Data records

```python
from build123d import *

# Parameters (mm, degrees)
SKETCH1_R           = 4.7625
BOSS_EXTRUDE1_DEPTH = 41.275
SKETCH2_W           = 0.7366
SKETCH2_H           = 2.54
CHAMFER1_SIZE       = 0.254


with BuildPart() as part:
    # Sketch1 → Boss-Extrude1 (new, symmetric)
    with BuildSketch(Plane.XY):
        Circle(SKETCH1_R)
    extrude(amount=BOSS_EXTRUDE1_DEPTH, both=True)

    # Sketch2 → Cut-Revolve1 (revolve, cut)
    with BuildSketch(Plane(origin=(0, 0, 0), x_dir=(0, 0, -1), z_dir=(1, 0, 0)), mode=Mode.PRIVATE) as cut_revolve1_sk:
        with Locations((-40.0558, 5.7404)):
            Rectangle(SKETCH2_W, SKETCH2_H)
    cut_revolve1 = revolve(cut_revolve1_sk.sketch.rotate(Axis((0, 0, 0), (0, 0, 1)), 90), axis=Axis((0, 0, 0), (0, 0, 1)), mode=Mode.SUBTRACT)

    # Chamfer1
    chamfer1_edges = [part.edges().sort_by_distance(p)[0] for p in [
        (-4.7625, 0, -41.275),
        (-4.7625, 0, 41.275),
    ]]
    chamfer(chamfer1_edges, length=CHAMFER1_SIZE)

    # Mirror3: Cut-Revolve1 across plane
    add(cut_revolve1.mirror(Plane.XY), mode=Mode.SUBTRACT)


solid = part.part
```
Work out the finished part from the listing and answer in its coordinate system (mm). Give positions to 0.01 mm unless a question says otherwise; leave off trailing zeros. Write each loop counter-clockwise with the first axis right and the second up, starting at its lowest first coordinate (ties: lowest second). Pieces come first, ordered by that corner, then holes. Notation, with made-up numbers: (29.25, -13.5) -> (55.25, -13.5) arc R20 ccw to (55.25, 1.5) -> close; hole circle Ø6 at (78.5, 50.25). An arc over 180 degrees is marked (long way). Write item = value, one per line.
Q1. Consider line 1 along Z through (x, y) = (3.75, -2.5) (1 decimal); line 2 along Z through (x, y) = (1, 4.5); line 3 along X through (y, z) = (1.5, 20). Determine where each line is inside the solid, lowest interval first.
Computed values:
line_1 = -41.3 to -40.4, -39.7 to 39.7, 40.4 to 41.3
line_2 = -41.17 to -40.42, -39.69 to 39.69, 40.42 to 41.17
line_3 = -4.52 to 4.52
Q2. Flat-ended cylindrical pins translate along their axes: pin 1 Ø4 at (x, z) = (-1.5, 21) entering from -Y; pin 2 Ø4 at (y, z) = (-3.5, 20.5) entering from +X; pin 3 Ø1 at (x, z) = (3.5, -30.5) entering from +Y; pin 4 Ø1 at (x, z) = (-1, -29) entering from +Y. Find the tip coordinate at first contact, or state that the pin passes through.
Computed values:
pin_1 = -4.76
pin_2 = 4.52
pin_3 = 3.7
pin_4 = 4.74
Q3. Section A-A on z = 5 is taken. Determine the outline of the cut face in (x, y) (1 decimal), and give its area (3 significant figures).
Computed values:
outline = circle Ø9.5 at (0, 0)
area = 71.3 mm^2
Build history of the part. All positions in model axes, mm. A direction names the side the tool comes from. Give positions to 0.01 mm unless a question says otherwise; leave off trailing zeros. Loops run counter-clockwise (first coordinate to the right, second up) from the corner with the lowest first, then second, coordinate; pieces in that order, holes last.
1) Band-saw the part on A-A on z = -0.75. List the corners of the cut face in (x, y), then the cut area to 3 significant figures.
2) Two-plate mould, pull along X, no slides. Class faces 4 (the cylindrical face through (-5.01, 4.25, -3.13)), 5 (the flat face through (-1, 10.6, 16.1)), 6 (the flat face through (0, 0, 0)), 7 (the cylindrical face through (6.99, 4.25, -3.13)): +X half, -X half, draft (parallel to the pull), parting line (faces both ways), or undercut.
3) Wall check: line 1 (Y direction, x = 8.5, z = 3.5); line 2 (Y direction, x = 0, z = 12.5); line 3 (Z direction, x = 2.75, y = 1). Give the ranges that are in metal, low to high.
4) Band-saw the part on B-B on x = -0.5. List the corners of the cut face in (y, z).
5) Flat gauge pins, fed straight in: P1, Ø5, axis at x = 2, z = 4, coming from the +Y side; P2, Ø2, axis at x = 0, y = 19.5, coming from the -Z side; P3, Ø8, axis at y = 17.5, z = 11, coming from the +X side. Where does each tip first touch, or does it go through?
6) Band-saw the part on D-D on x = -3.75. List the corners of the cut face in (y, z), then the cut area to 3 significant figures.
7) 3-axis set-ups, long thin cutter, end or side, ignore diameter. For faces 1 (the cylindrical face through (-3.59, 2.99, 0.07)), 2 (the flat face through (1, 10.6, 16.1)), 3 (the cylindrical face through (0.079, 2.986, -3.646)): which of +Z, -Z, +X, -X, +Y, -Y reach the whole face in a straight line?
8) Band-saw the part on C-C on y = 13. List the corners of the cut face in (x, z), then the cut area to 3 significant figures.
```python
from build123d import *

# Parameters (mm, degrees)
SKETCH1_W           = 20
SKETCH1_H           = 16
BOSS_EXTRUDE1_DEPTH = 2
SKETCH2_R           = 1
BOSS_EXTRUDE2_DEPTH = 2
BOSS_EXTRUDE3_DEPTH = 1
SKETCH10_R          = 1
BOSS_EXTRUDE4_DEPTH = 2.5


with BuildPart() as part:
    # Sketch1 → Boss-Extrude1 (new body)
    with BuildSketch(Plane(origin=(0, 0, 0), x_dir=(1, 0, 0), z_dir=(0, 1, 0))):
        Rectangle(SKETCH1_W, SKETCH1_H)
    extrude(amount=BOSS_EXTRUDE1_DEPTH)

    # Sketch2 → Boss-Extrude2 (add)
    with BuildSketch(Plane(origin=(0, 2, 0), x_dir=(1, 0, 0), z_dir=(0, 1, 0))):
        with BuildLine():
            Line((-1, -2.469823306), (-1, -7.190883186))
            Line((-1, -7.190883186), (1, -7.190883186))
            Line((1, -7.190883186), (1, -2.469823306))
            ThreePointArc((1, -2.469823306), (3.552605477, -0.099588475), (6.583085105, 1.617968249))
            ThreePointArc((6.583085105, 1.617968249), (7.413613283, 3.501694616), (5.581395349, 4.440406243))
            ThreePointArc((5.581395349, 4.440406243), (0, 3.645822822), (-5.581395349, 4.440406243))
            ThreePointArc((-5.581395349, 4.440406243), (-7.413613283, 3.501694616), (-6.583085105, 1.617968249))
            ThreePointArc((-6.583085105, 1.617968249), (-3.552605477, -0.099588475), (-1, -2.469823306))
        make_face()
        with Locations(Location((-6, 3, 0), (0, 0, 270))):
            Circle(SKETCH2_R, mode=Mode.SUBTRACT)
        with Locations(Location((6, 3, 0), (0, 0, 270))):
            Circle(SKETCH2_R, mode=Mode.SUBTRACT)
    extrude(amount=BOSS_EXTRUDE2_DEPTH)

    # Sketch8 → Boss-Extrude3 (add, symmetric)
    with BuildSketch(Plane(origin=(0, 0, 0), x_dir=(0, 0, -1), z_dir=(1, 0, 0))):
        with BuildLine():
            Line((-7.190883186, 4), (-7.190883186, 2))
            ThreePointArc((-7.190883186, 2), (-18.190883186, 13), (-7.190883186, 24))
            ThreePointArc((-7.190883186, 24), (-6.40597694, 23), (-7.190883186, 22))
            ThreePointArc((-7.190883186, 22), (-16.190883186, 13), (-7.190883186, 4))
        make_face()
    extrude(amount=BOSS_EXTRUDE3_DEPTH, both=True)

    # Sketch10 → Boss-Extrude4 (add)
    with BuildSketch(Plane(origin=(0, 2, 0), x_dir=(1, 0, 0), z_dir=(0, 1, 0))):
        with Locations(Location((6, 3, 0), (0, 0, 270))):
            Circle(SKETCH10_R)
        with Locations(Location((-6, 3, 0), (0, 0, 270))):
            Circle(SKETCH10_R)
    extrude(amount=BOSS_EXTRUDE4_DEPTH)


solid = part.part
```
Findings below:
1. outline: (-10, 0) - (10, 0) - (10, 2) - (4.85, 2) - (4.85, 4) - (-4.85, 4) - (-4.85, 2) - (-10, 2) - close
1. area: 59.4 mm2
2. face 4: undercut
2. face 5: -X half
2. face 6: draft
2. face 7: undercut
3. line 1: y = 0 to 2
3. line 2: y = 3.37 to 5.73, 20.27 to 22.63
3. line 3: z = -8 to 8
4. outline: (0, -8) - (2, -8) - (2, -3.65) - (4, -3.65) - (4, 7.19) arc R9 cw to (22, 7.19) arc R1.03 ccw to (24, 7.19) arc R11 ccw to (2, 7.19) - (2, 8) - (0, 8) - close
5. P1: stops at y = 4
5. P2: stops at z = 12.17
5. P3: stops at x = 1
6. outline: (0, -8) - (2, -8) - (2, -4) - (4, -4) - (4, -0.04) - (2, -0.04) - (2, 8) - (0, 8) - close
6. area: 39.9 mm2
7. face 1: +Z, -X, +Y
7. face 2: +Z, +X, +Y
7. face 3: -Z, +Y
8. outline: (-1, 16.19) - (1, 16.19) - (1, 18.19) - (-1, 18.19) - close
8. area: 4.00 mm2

#### WHAT YOU WILL DO:
Copy down each line in the entries that has the word "zeros".

#### SOLUTION FOR THIS PROBLEM:
Work out the finished part from the listing and answer in its coordinate system (mm). Give positions to 0.01 mm unless a question says otherwise; leave off trailing zeros. Write each loop counter-clockwise with the first axis right and the second up, starting at its lowest first coordinate (ties: lowest second). Pieces come first, ordered by that corner, then holes. Notation, with made-up numbers: (29.25, -13.5) -> (55.25, -13.5) arc R20 ccw to (55.25, 1.5) -> close; hole circle Ø6 at (78.5, 50.25). An arc over 180 degrees is marked (long way). Write item = value, one per line.
Build history of the part. All positions in model axes, mm. A direction names the side the tool comes from. Give positions to 0.01 mm unless a question says otherwise; leave off trailing zeros. Loops run counter-clockwise (first coordinate to the right, second up) from the corner with the lowest first, then second, coordinate; pieces in that order, holes last.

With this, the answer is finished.